This allows HM to not be too strong a lvl 1, and worth staying for all the perks beyond 3rd level. I originally thought steal hunters lore from the subclass and put it here for the 7th level HM boon for all rangers but saw an opportunity to work with the new codified search and study actions. Natural Explore instead of straight expertise because sadly I’m seeing if the mechanics don’t force you toward the flavor people will just optimize. Also the Ranger was feeling too Rogue like with open expertise.
Rogue problem: Can’t sneak attack on opportunity attacks or in special occasions on other people’s turns. Their expertise doesn’t feel special any more (partially fixed with Ranger change) Thief needs a little boost also.

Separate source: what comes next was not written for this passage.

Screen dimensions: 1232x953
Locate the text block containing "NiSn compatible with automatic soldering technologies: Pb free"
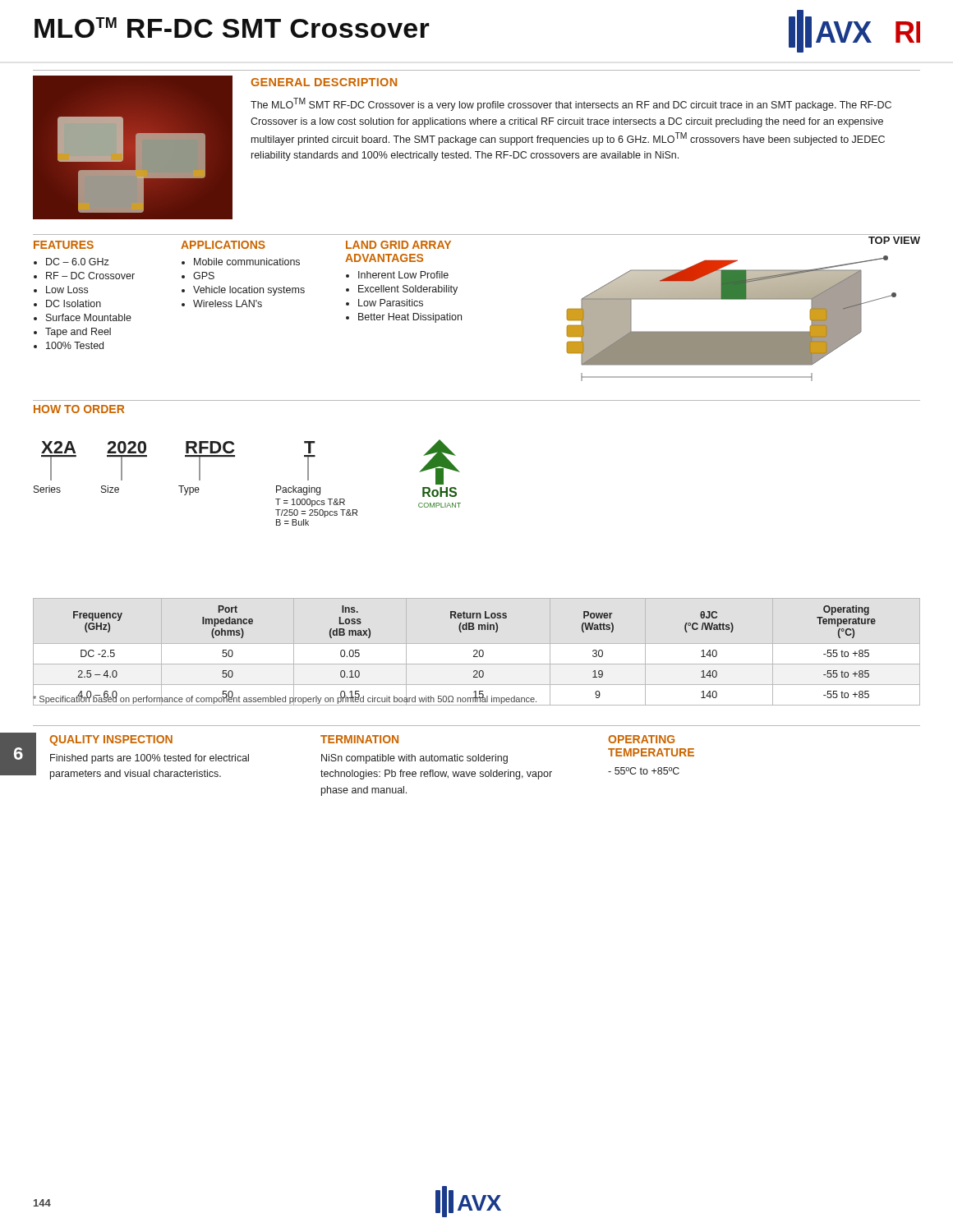point(436,774)

Expertise- allow rogues to also choose tools for expertise from this list if they have proficiency in the tool- Disguise Kit, Forgery Kit, Jeweler’s tools, and Thieves tools
Sneak attack returns to once per turn when you attack with a finesse or ranged weapon.
Thief fast hands- return interact with an object as part of fast hands cunning action.

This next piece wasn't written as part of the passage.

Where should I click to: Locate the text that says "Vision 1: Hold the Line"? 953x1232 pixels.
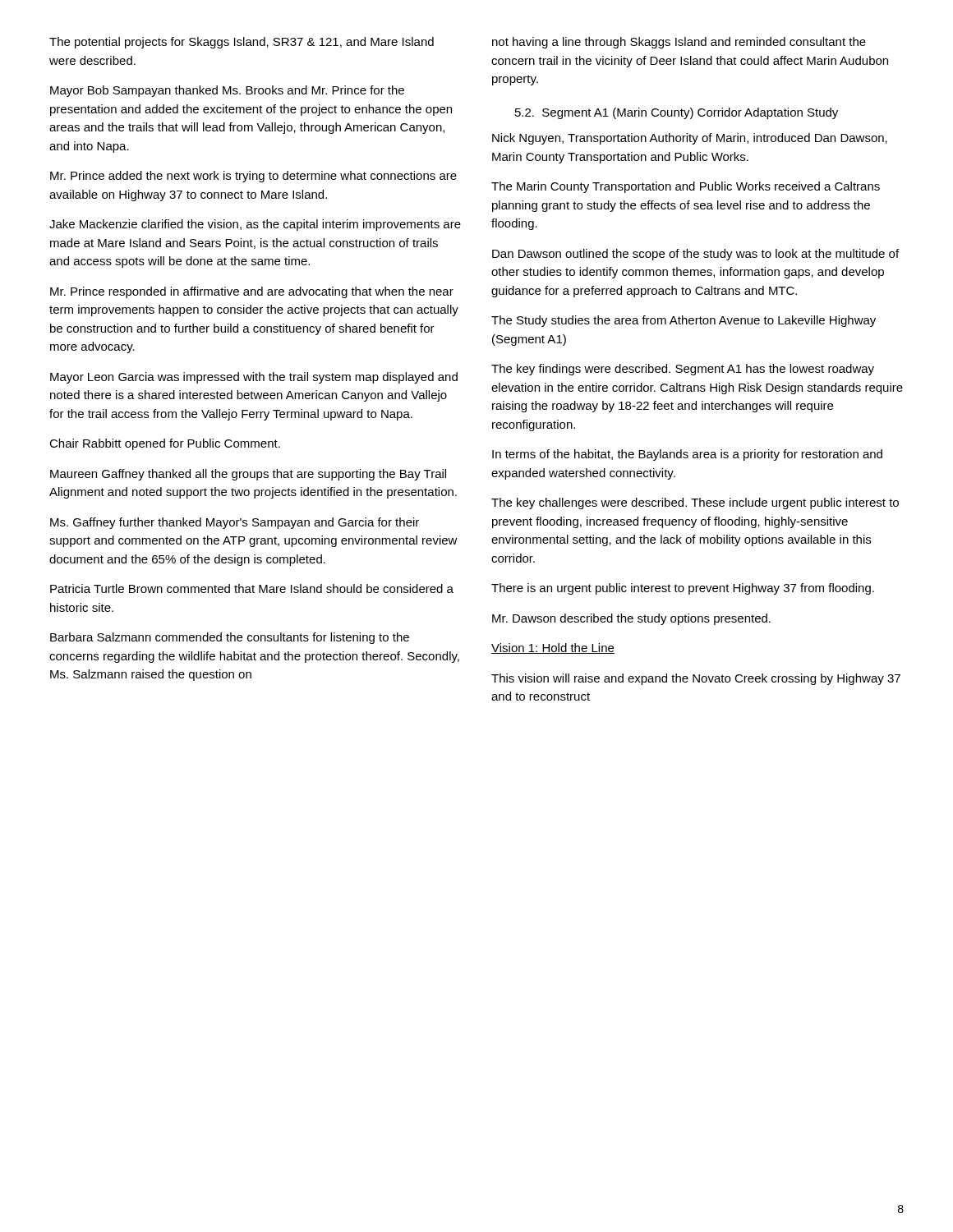(553, 648)

Movement problem- it’s clunky and I just don’t like it. Jump as an action is bot good and bad.
Any movement consumes all speed types up to your highest speed. So if you have 30 speed, 10 climb, 40 swim. You can’t walk 10ft to a wall then climb it with your climb speed because it’s already been used while walking. But you could climb a 10ft wall, walk 20ft to some water, and swim 10ft. Taking the Dash action gives you second block of movement that is subtracted from separately. So you could walk 20ft to a wall. Take the dash action. Climb 10ft up the wall. At this moment you have 2 blocks of movement to account for that are separate. One has 10ft speed or 20 swim remaining and the other has 20 speed or 30 walk remaining. Now I need to figure out how to say that plainly so it’s easily understood.
Jump becomes its own special action but can be used in place of an action, a bonus action or movement if you haven’t used any this turn. If used as a bonus action you only clear a distance equal to half the roll. You may only use Jump once per turn no matter if you replaced an action, bonus action or movement.
Feat problem- Crossbow expert is broken and Ritual Caster is bad.
Crossbow expert should return to its 5e version and a new feat introduced to handle two crossbows and sword and crossbow. Which is what the UA version does right now and not very well unless you are an artificer with repeating shot or Thri-keen. Otherwise once you fire you can’t get ammunition because your hands are full.
Ritual Caster drop quick ritual and return the book and ability to learn more rituals. Even if it means it’s limited it to 1 ritual when you first get the book and you have to seek out the others.
That’s all I got. I’m sure as everyone keeps playtesting and talking about this more problems will come up. Most can be fixed and I’m sure we will end up with a product we all will enjoy. Even if we don’t all get exactly what we want.
NO!! crossbow expert is on par with the great weapon master of 5e it should be untouched. If anything, they should keep it and revert pole arm master and sentinel to synergizing.
Main issue with Ranger Hunters mark should not be a spell. Their are monsters in dnd that are immune to spells of 5th level and bellow now your key future is useless. Bad design.
That I would say is an issue with creature design rather than class design. Having creatures which have immunity that flat out invalidate a character's abilities in combat is bad design, Rakshasa for example, they are just a big feck you to all spell casters. They are CR13, so full casters only have a single 7th level spell slot, you get a single spell which the Rakshasa has advantage on any saving throws if you try anything that requires one. At least with say a Beholder, it has to maintain sight to stop you casting spells and it can't attack you with it's other eyes while maintaining that sight on you, so you're still doing something if you can't cast a spell, against a Rakshasa a spell caster does a single spell and then is pretty much useless, unless you can somehow affect the terrain, like burning a wooden bridge the Rakshasa might be standing on.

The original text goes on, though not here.